As an example, Sax comes with a Pax language model servable on a Cloud TPU VM v4-8 instance. You can use it to verify Sax is correctly set up by publishing and using the model with a dummy checkpoint.
saxutil publish \
/sax/test/lm2b \
saxml.server.pax.lm.params.lm_cloud.LmCloudSpmd2BTest \
None \
1
Check if the model is loaded by looking at the "selected replica address" column of this command's output:
saxutil ls /sax/test/lm2b
When the model is loaded, issue a query:
saxutil lm.generate /sax/test/lm2b "Q: Who is Harry Porter's mother? A: "
The result will be printed in the terminal.
To use a real checkpoint with the model, follow the Paxml tutorial to generate a checkpoint.
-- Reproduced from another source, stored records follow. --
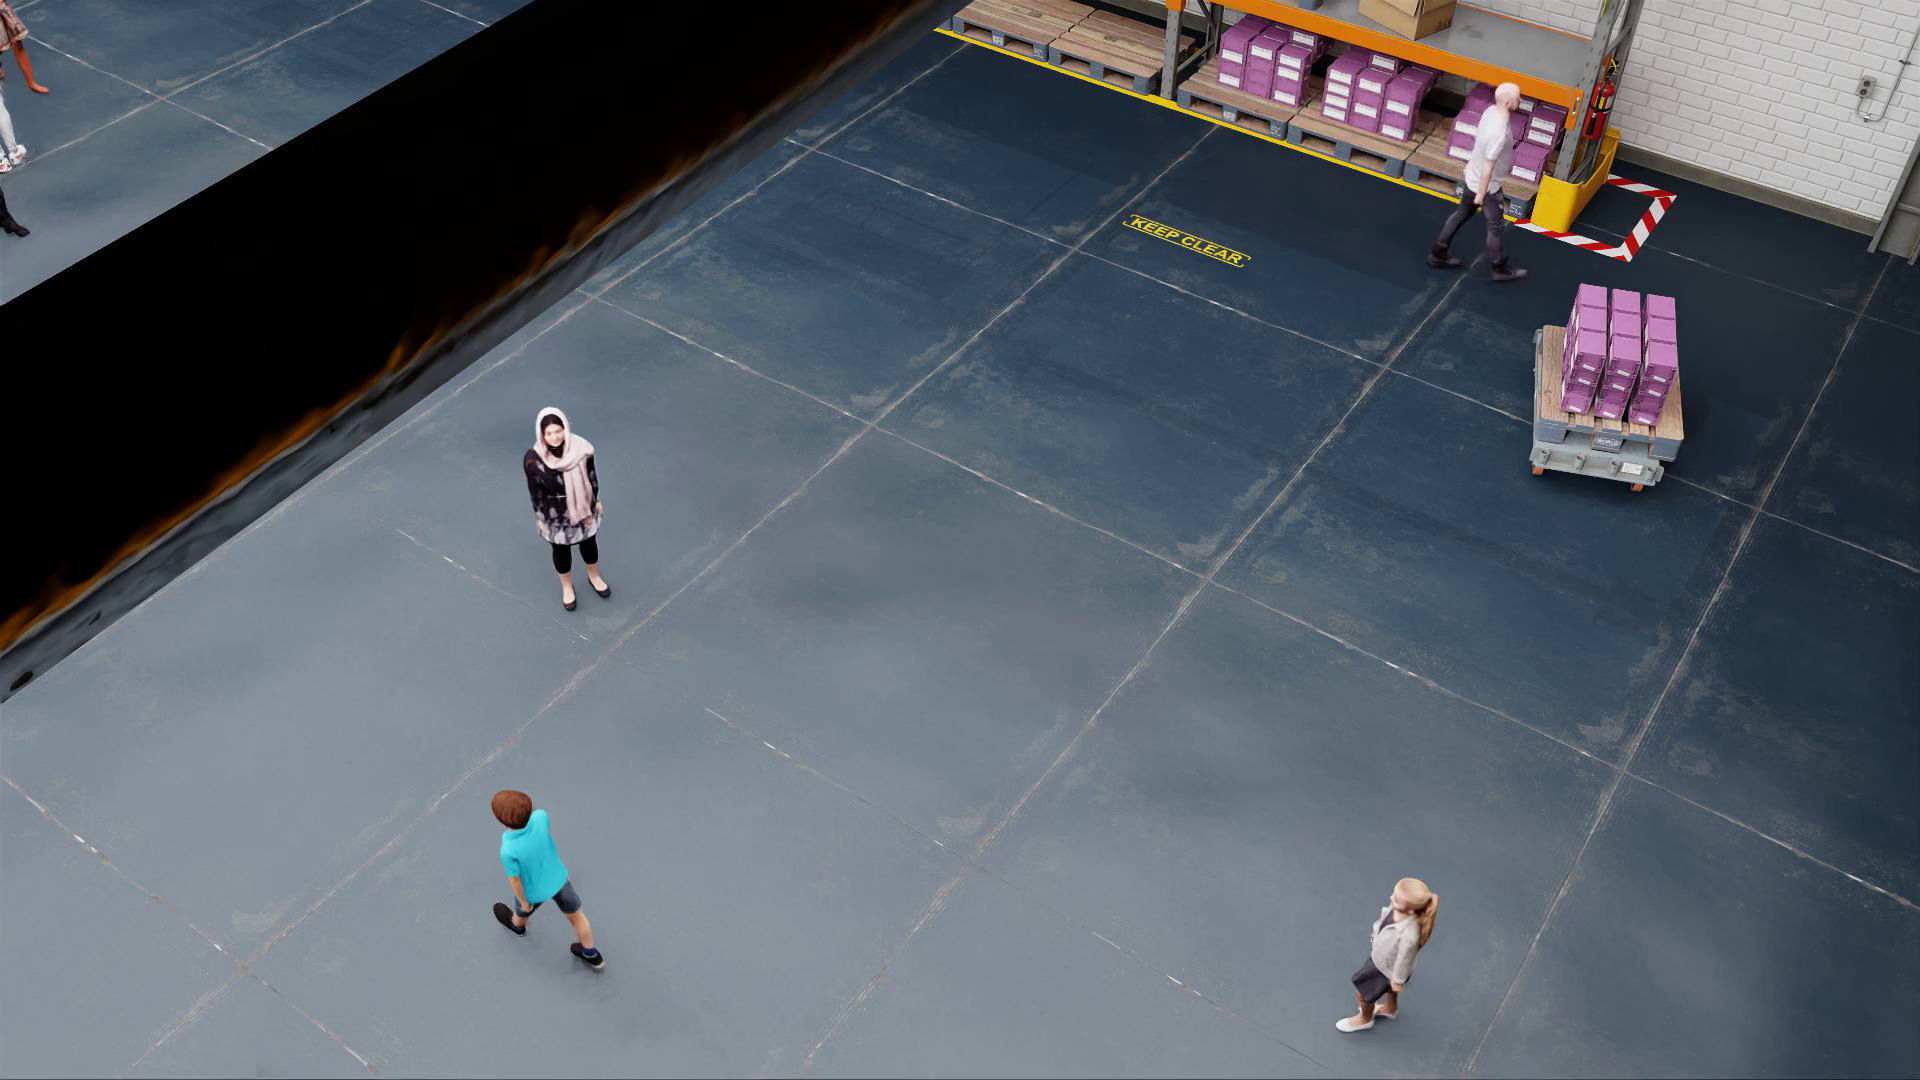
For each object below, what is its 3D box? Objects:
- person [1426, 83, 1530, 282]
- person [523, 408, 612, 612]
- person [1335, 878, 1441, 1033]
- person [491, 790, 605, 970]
[{"bbox_3d":[4.334,-3.021,13.992,1.189,1.797,1.003,5,44,5],"label":"person"},{"bbox_3d":[-2.639,-0.233,11.181,0.734,1.638,0.760,-20,47,-20],"label":"person"},{"bbox_3d":[2.367,2.229,8.867,0.697,1.264,0.639,5,44,5],"label":"person"},{"bbox_3d":[-2.247,1.888,9.124,0.960,1.405,0.538,27,50,26],"label":"person"}]

The model can then be published in Sax like this:
saxutil publish \
/sax/test/lm2b \
saxml.server.pax.lm.params.lm_cloud.LmCloudSpmd2B \
gs://${GSBUCKET}/checkpoints/checkpoint_00000000 \
1
Use the same saxutil lm.generate
command as above to query the model.
First get LLaMA pytorch_vars from Meta, then run the following script to convert the LLaMA PyTorch checkpoint to SAX format
python3 -m saxml/tools/convert_llama_ckpt --base llama_7b --pax pax_7b
For the 7B model, this script roughly needs 50-60GB memory. For larger models, for example, the 70B model, this script would need 500-600GB memory to run.
The script load and save weights in a single pass. To fit less memory, modify convert() function to load/save weights in multiple passes. In each pass, load and save partial weights (subset of all weight variables).
After converting the checkpoint, the checkpoint folder should have the following structure
checkpoint_00000000
metadata/
metadata
state/
mdl_vars.params.lm*/
...
...
step/
Please create empty files “commit_success.txt” and put one in each folder. This will let SAX know this checkpoint is ready to use when loading the model. So the fully ready checkpoint should be as following:
checkpoint_00000000
commit_success.txt
metadata/
commit_success.txt
metadata
state/
commit_success.txt
mdl_vars.params.lm*/
...
...
step/
Now the checkpoint is fully ready.
Then start the SAX server
GPU server:
SAX_ROOT=gs://${GSBUCKET}/sax-root \
bazel run saxml/server:server -- \
--sax_cell=/sax/test \
--port=10001 \
--platform_chip=a100 \
--platform_topology=1 \
--jax_platforms=cuda \
--alsologtostderr
TPU server:
SAX_ROOT=gs://${GSBUCKET}/sax-root \
bazel run saxml/server:server -- \
--sax_cell=/sax/test \
--port=10001 \
--platform_chip=tpuv4 \
--platform_topology=2x2x1 \
--alsologtostderr
Finally move the converted ckpt to your google cloud data bucket and publish the model
7B model
saxutil publish \
/sax/test/llama-7b \
saxml.server.pax.lm.params.lm_cloud.LLaMA7BFP16 \
gs://sax-data/pax-llama/7B \
1
70B model
saxutil publish \
/sax/test/llama-7b \
saxml.server.pax.lm.params.lm_cloud.LLaMA70BFP16TPUv5e \
gs://sax-data/pax-llama/70B \
1